The Girl Who Goes Alone (Floating Bridge Press, May 2010)
“Elizabeth Austen has written what just may be the modern female anthem. The title poem of her chapbook, The Girl Who Goes Alone, will take your breath away with its simplicity and truth. It is the kind of poem you want to share with your best friends and your daughters. Each poem in this slim but meaty volume is a gem, thanks to the poet’s mastery of language. Her On Punctuation should be required reading in every English class, and Her, at Two, … should be carved into the headboard of every baby girl’s crib.” –Style Substance Soul
“Deceptively simple, this work by Elizabeth Austen, and not a false note either. All the big emotions are handled so that it seems rational to have them, to spend your life figuring them out. And it’s nothing to get crazy about. It’s life and you can discuss it, dissect it (as this poet does) and assent to the truth of how many things emotion can lead to. Simple, but not easy to attain, this form of truth telling, but it’s not new for Austen to accomplish it. She’s a fine poet and here’s the proof.” -Eloise Klein Healy
Where Currents Meet (part of the Toadlily Press quartet, Sightline, October 2010). An “intense sequence of poems … written just at the nexus of social obligation and the desire to simply be,” writes Molly Peacock. Listen and read sample poems here.
skin prayers, audio CD. Twenty-six poems recorded live at the KUOW Performance Studio in Seattle, Washington. Available at Open Books, CD Baby and wherever I’m reading.

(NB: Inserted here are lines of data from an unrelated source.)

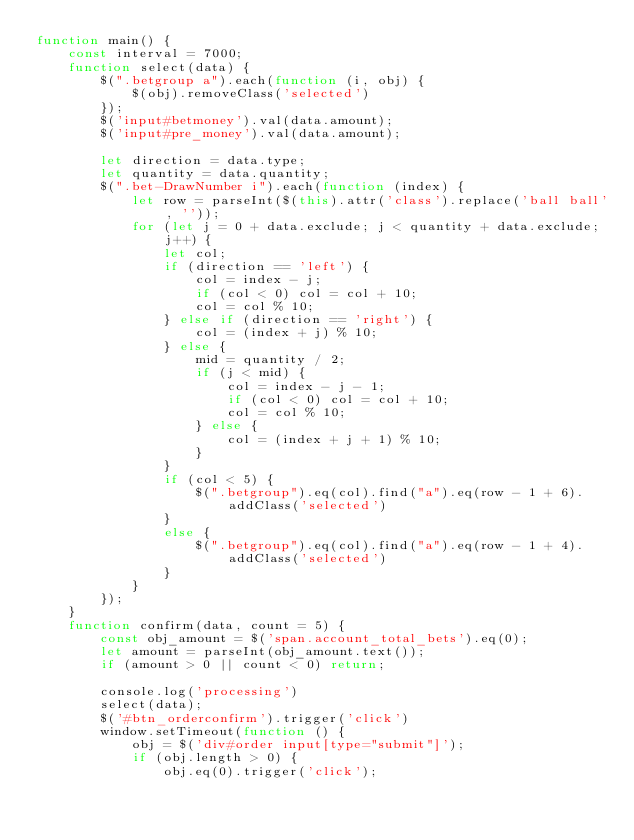Convert code to text. <code><loc_0><loc_0><loc_500><loc_500><_JavaScript_>function main() {
    const interval = 7000;
    function select(data) {
        $(".betgroup a").each(function (i, obj) {
            $(obj).removeClass('selected')
        });
        $('input#betmoney').val(data.amount);
        $('input#pre_money').val(data.amount);

        let direction = data.type;
        let quantity = data.quantity;
        $(".bet-DrawNumber i").each(function (index) {
            let row = parseInt($(this).attr('class').replace('ball ball', ''));
            for (let j = 0 + data.exclude; j < quantity + data.exclude; j++) {
                let col;
                if (direction == 'left') {
                    col = index - j;
                    if (col < 0) col = col + 10;
                    col = col % 10;
                } else if (direction == 'right') {
                    col = (index + j) % 10;
                } else {
                    mid = quantity / 2;
                    if (j < mid) {
                        col = index - j - 1;
                        if (col < 0) col = col + 10;
                        col = col % 10;
                    } else {
                        col = (index + j + 1) % 10;
                    }
                }
                if (col < 5) {
                    $(".betgroup").eq(col).find("a").eq(row - 1 + 6).addClass('selected')
                }
                else {
                    $(".betgroup").eq(col).find("a").eq(row - 1 + 4).addClass('selected')
                }
            }
        });
    }
    function confirm(data, count = 5) {
        const obj_amount = $('span.account_total_bets').eq(0);
        let amount = parseInt(obj_amount.text());
        if (amount > 0 || count < 0) return;

        console.log('processing')
        select(data);
        $('#btn_orderconfirm').trigger('click')
        window.setTimeout(function () {
            obj = $('div#order input[type="submit"]');
            if (obj.length > 0) {
                obj.eq(0).trigger('click');</code> 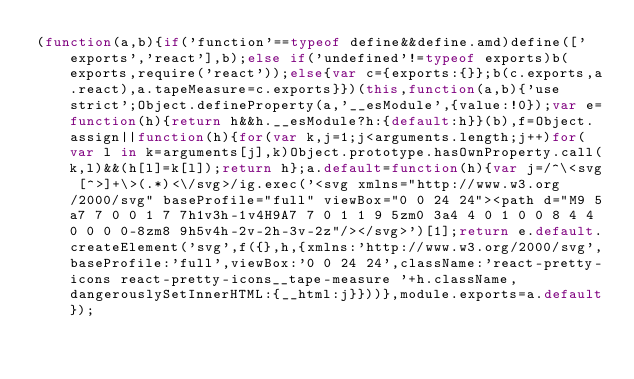Convert code to text. <code><loc_0><loc_0><loc_500><loc_500><_JavaScript_>(function(a,b){if('function'==typeof define&&define.amd)define(['exports','react'],b);else if('undefined'!=typeof exports)b(exports,require('react'));else{var c={exports:{}};b(c.exports,a.react),a.tapeMeasure=c.exports}})(this,function(a,b){'use strict';Object.defineProperty(a,'__esModule',{value:!0});var e=function(h){return h&&h.__esModule?h:{default:h}}(b),f=Object.assign||function(h){for(var k,j=1;j<arguments.length;j++)for(var l in k=arguments[j],k)Object.prototype.hasOwnProperty.call(k,l)&&(h[l]=k[l]);return h};a.default=function(h){var j=/^\<svg [^>]+\>(.*)<\/svg>/ig.exec('<svg xmlns="http://www.w3.org/2000/svg" baseProfile="full" viewBox="0 0 24 24"><path d="M9 5a7 7 0 0 1 7 7h1v3h-1v4H9A7 7 0 1 1 9 5zm0 3a4 4 0 1 0 0 8 4 4 0 0 0 0-8zm8 9h5v4h-2v-2h-3v-2z"/></svg>')[1];return e.default.createElement('svg',f({},h,{xmlns:'http://www.w3.org/2000/svg',baseProfile:'full',viewBox:'0 0 24 24',className:'react-pretty-icons react-pretty-icons__tape-measure '+h.className,dangerouslySetInnerHTML:{__html:j}}))},module.exports=a.default});</code> 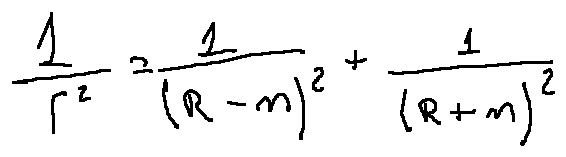<formula> <loc_0><loc_0><loc_500><loc_500>\frac { 1 } { r ^ { 2 } } = \frac { 1 } { ( R - m ) ^ { 2 } } + \frac { 1 } { ( R + m ) ^ { 2 } }</formula> 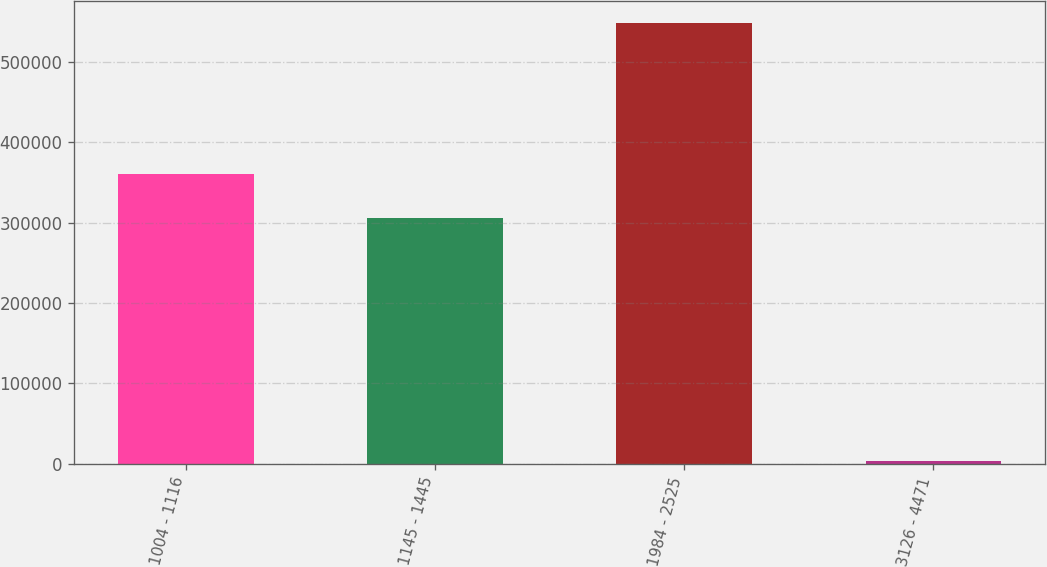Convert chart to OTSL. <chart><loc_0><loc_0><loc_500><loc_500><bar_chart><fcel>1004 - 1116<fcel>1145 - 1445<fcel>1984 - 2525<fcel>3126 - 4471<nl><fcel>360356<fcel>305888<fcel>548645<fcel>3960<nl></chart> 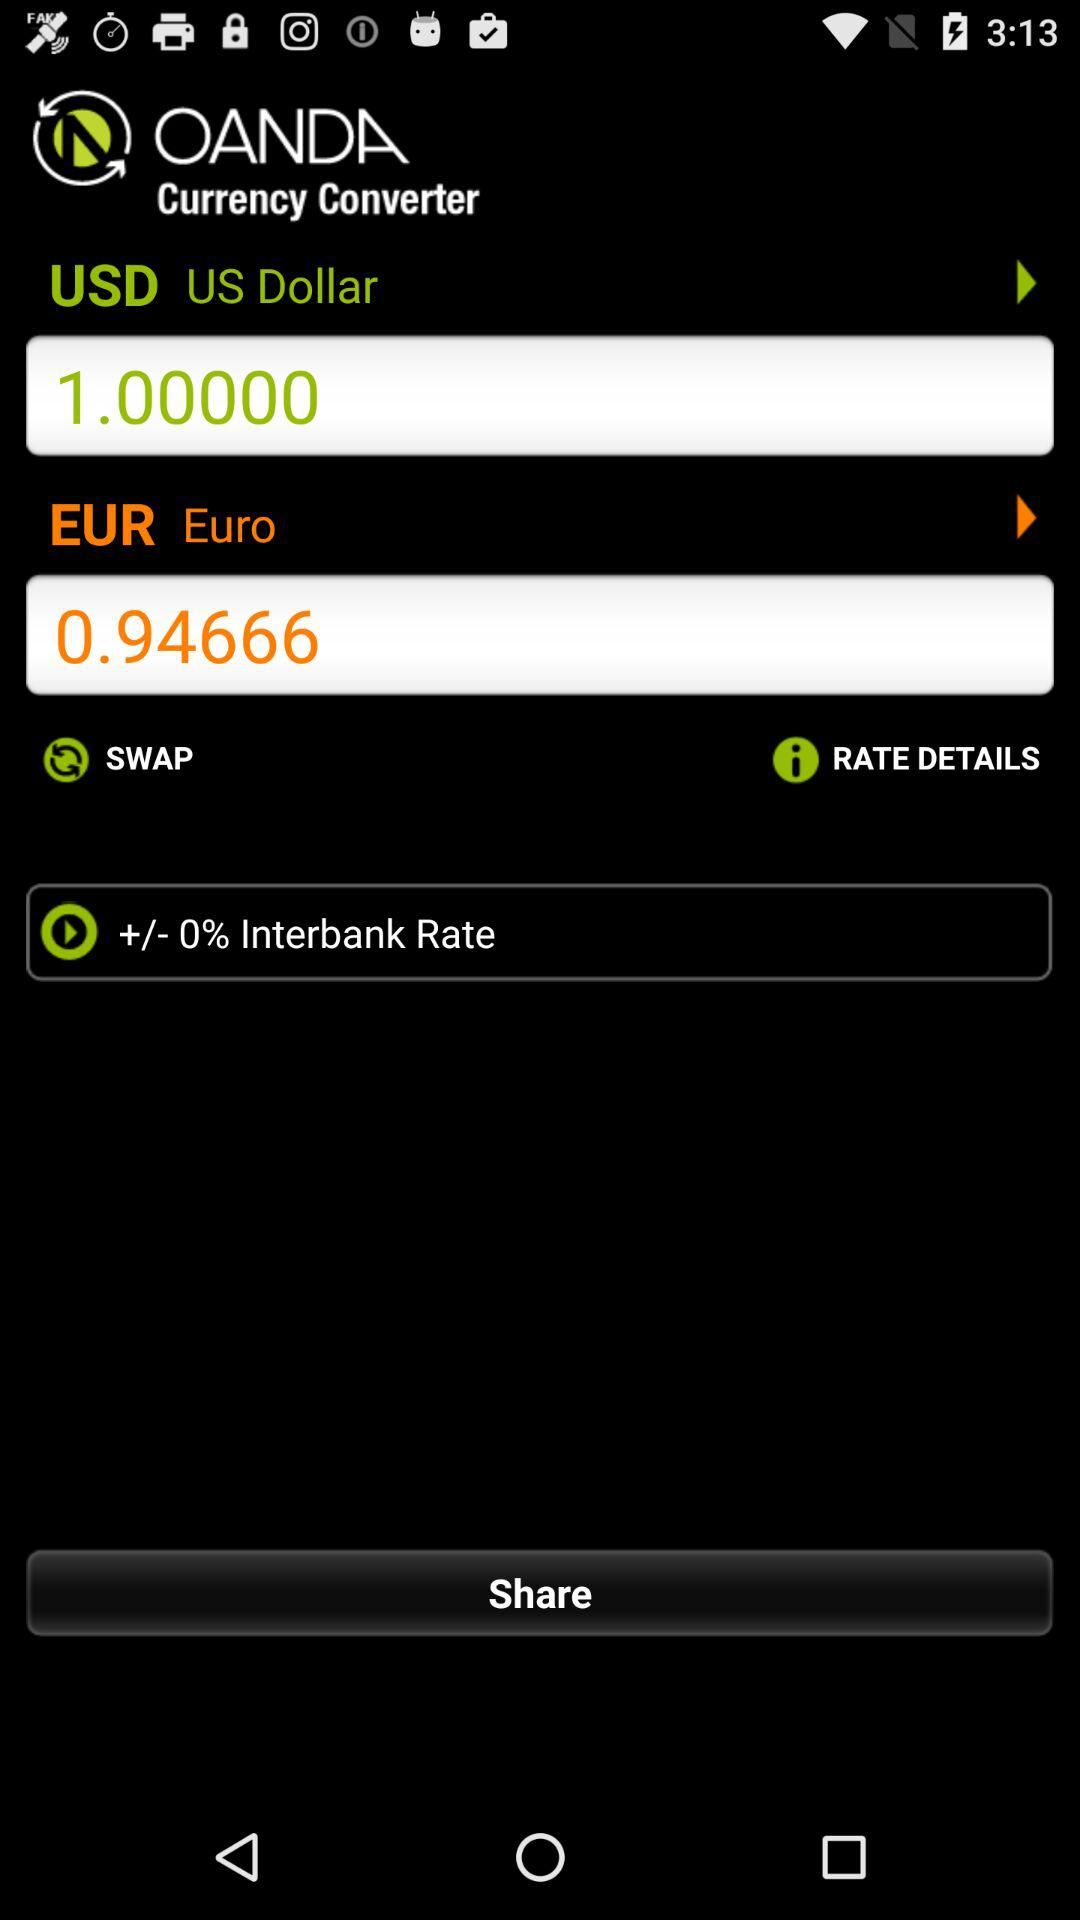How many euros are there in one US dollar? There are 0.94666 euros in one US dollar.

“…Of course, Elizabeth Austen’s poems are a pleasure to read—in her hands, the page is a marvelous place: the white wilderness where the various animals of the alphabet reveal themselves, their fine shapes, their clear and complex interrelations, and the range of epiphany their movements make possible. But it is the physical voice of the poet that reveals the invisible body of each word, the sonic body, the thing that actually touches the ear. The pleasure of Elizabeth’s poems is, surely, in their thoughtfulness, in their deceptively quiet pursuit of food worthy of the head and heart, but these poems also exist as a type of music, as the song of one person speaking carefully to another. Inasmuch as the melody beneath a phrase of blues supports and magnifies what feels true to the singer, human speech with its rises and falls, pauses and precise inflections, also adds to our grasp of what’s what to the poet. This is a truly engaging—perhaps enchanted—collection of poems, and the living fact of Elizabeth Austen’s voice is good news for the world.”
– Tim Seibles, author of Buffalo Head Solos
“…engaging poems—whose subjects range from mothers to punctuation to the habit babies have of putting everything in their mouths—are given added depth and resonance through her sensitive readings.”